──────── GIVEN RECORDS ────────
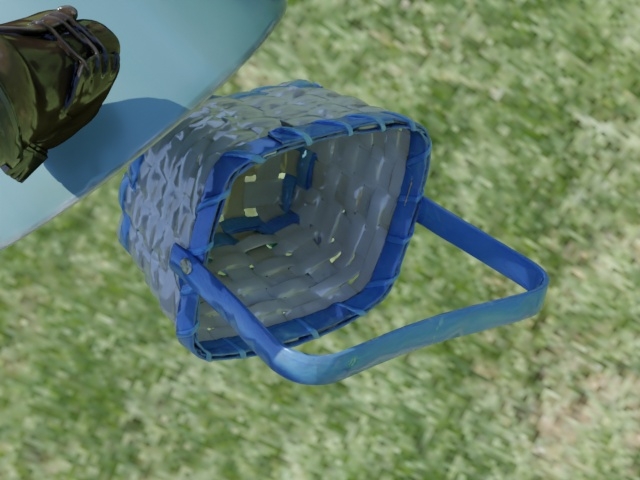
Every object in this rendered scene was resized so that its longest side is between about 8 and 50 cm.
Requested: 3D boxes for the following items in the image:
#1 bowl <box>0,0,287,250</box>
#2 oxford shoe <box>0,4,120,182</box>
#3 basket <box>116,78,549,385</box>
[{"bbox_3d":[-0.194,-0.133,1.161,0.311,0.163,0.311,-34,16,12],"label":"bowl"},{"bbox_3d":[-0.154,-0.091,0.904,0.096,0.083,0.227,-39,4,-2],"label":"oxford shoe"},{"bbox_3d":[0.000,0.000,1.333,0.289,0.255,0.201,35,125,42],"label":"basket"}]
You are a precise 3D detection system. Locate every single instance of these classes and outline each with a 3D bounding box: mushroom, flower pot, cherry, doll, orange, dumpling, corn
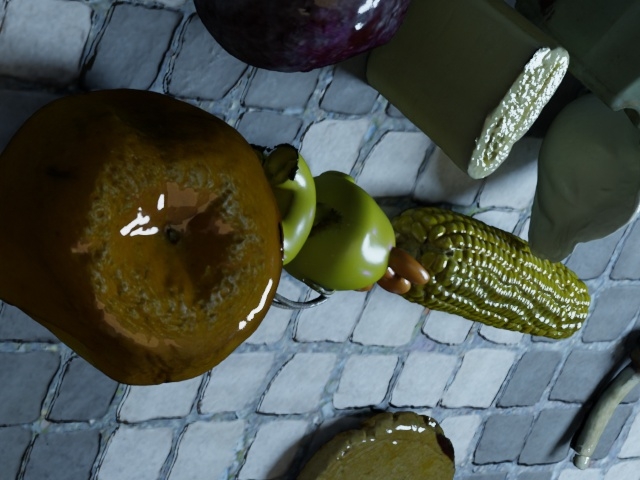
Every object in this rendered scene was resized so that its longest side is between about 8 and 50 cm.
[{"bbox_3d":[0.348,0.183,2.176,0.061,0.060,0.187,16,116,-53],"label":"mushroom"},{"bbox_3d":[0.323,-0.243,1.682,0.259,0.290,0.290,-46,140,16],"label":"flower pot"},{"bbox_3d":[-0.011,-0.226,1.473,0.195,0.195,0.195,-22,133,-25],"label":"cherry"},{"bbox_3d":[0.000,0.000,1.693,0.221,0.143,0.135,38,60,-48],"label":"doll"},{"bbox_3d":[-0.153,-0.009,1.515,0.249,0.183,0.249,4,83,-34],"label":"orange"},{"bbox_3d":[0.281,-0.080,1.832,0.124,0.151,0.229,29,75,-18],"label":"dumpling"},{"bbox_3d":[0.166,0.035,1.875,0.310,0.101,0.101,18,109,-44],"label":"corn"}]

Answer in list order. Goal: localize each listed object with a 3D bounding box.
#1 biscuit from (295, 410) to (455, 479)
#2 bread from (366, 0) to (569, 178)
[{"bbox_3d":[0.049,0.269,2.004,0.226,0.042,0.226,-22,135,-24],"label":"biscuit"},{"bbox_3d":[0.122,-0.151,1.634,0.060,0.178,0.139,23,105,-42],"label":"bread"}]
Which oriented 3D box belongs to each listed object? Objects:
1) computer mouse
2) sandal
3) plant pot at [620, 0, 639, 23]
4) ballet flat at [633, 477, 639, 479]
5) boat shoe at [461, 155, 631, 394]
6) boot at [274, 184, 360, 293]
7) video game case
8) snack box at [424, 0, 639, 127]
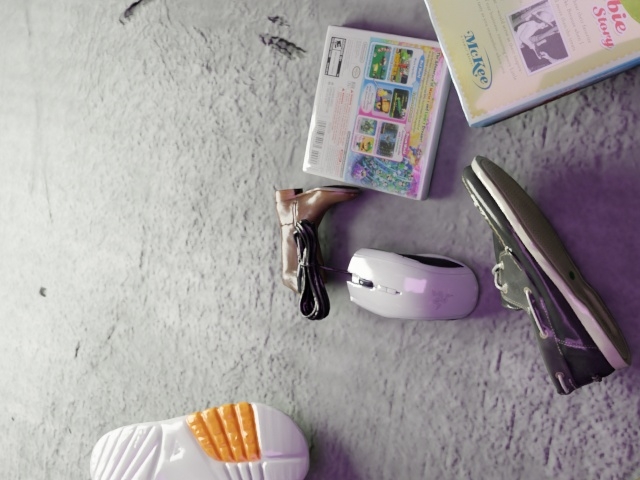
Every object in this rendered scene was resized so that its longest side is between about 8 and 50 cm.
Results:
[{"bbox_3d":[0.060,0.040,0.969,0.193,0.042,0.106,7,105,21],"label":"computer mouse"},{"bbox_3d":[-0.130,0.241,1.095,0.265,0.076,0.102,-6,69,19],"label":"sandal"},{"bbox_3d":[0.339,-0.236,0.643,0.254,0.276,0.276,9,99,47],"label":"plant pot"},{"bbox_3d":[0.377,0.326,0.778,0.342,0.124,0.116,42,113,20],"label":"ballet flat"},{"bbox_3d":[0.189,0.029,0.887,0.079,0.084,0.233,-35,80,27],"label":"boat shoe"},{"bbox_3d":[0.000,0.000,1.024,0.106,0.037,0.114,-3,93,35],"label":"boot"},{"bbox_3d":[0.058,-0.132,0.989,0.143,0.019,0.157,16,101,28],"label":"video game case"},{"bbox_3d":[0.167,-0.280,0.838,0.187,0.060,0.321,-20,88,30],"label":"snack box"}]
────────
TASK DESCRIPTION =
Pictures are to be omitted. Output verbatim only the lines from the one holding "#1 biscuit from (295, 410) to (455, 479)" through the end of the material, both included.

EXPECTED OUTPUT =
#1 biscuit from (295, 410) to (455, 479)
#2 bread from (366, 0) to (569, 178)
[{"bbox_3d":[0.049,0.269,2.004,0.226,0.042,0.226,-22,135,-24],"label":"biscuit"},{"bbox_3d":[0.122,-0.151,1.634,0.060,0.178,0.139,23,105,-42],"label":"bread"}]
Which oriented 3D box belongs to each listed object? Objects:
1) computer mouse
2) sandal
3) plant pot at [620, 0, 639, 23]
4) ballet flat at [633, 477, 639, 479]
5) boat shoe at [461, 155, 631, 394]
6) boot at [274, 184, 360, 293]
7) video game case
8) snack box at [424, 0, 639, 127]
Every object in this rendered scene was resized so that its longest side is between about 8 and 50 cm.
Results:
[{"bbox_3d":[0.060,0.040,0.969,0.193,0.042,0.106,7,105,21],"label":"computer mouse"},{"bbox_3d":[-0.130,0.241,1.095,0.265,0.076,0.102,-6,69,19],"label":"sandal"},{"bbox_3d":[0.339,-0.236,0.643,0.254,0.276,0.276,9,99,47],"label":"plant pot"},{"bbox_3d":[0.377,0.326,0.778,0.342,0.124,0.116,42,113,20],"label":"ballet flat"},{"bbox_3d":[0.189,0.029,0.887,0.079,0.084,0.233,-35,80,27],"label":"boat shoe"},{"bbox_3d":[0.000,0.000,1.024,0.106,0.037,0.114,-3,93,35],"label":"boot"},{"bbox_3d":[0.058,-0.132,0.989,0.143,0.019,0.157,16,101,28],"label":"video game case"},{"bbox_3d":[0.167,-0.280,0.838,0.187,0.060,0.321,-20,88,30],"label":"snack box"}]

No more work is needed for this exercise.